It might be argued that the indistinguishable mingling of the funds is explainable by the fact that the later account was simply a continuation, under the new names, of the earlier account, which had been in Mrs. Kauffman's name alone. But such an argument rather substantiates than disproves my conclusion, for the funds in the earlier account were contributed by both and mingled, and the change to the two names would rather evidence the intent by the mother that the daughter's actual interest in the account should be made a matter of record. As Mr. Phillips testified, "she wasn't much versed in banking accounts and she wished us to make sure that her daughter received the funds" (when she died). She, of course, had no solicitude except about what should occur after her death.
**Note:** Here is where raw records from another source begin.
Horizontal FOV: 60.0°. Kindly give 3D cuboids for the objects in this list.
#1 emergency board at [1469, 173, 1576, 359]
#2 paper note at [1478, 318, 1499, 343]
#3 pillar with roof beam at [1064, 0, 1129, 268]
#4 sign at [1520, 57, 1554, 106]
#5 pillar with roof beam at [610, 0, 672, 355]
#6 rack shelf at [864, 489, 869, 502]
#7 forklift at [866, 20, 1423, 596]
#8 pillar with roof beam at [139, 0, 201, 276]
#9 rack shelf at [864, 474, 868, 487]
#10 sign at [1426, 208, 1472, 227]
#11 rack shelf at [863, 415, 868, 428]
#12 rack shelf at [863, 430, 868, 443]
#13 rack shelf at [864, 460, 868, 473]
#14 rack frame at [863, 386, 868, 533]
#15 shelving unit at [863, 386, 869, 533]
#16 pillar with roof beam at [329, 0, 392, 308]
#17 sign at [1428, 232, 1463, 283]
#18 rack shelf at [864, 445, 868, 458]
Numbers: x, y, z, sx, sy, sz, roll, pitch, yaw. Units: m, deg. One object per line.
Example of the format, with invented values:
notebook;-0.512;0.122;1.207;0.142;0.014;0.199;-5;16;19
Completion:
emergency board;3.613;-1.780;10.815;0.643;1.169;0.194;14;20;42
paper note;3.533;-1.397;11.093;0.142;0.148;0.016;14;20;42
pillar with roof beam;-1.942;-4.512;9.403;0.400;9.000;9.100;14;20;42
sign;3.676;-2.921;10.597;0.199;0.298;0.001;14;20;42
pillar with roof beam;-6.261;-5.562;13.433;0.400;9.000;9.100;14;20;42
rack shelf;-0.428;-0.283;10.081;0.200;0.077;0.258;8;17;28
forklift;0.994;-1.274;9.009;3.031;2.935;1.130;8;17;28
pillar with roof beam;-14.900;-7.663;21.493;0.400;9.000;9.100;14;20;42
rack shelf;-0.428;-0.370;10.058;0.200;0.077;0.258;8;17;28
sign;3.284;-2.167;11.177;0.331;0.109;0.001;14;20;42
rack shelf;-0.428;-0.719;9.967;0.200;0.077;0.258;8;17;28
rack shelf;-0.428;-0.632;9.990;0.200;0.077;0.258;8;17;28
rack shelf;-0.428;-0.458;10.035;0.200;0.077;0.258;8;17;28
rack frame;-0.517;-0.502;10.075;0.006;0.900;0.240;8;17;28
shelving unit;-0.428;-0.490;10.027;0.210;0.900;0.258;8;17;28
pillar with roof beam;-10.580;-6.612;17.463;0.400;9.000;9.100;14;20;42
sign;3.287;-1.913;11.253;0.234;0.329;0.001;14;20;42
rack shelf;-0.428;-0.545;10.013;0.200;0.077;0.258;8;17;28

She knew that while she lived there could no question or difficulty arise between herself and her daughter, for it is clear from the evidence that what was hers was her daughter's, and what was her daughter's was hers.

[5] However, even if the scales balanced evenly upon the question of whether the intent was of present or future transfer, the result must be the same, for the complainant administrator not only assumed, but had, the burden of proof on the issue raised. To prove his assertion that the chose was the property of Mrs. Kauffman at her death (upon which proposition his right to recover rests solely), he must prove either (1) that the intent was not of gift at all, but of convenience (and as to this the proofs are all against him); or (2) that the intent, if of gift, was of future gift, and not present gift.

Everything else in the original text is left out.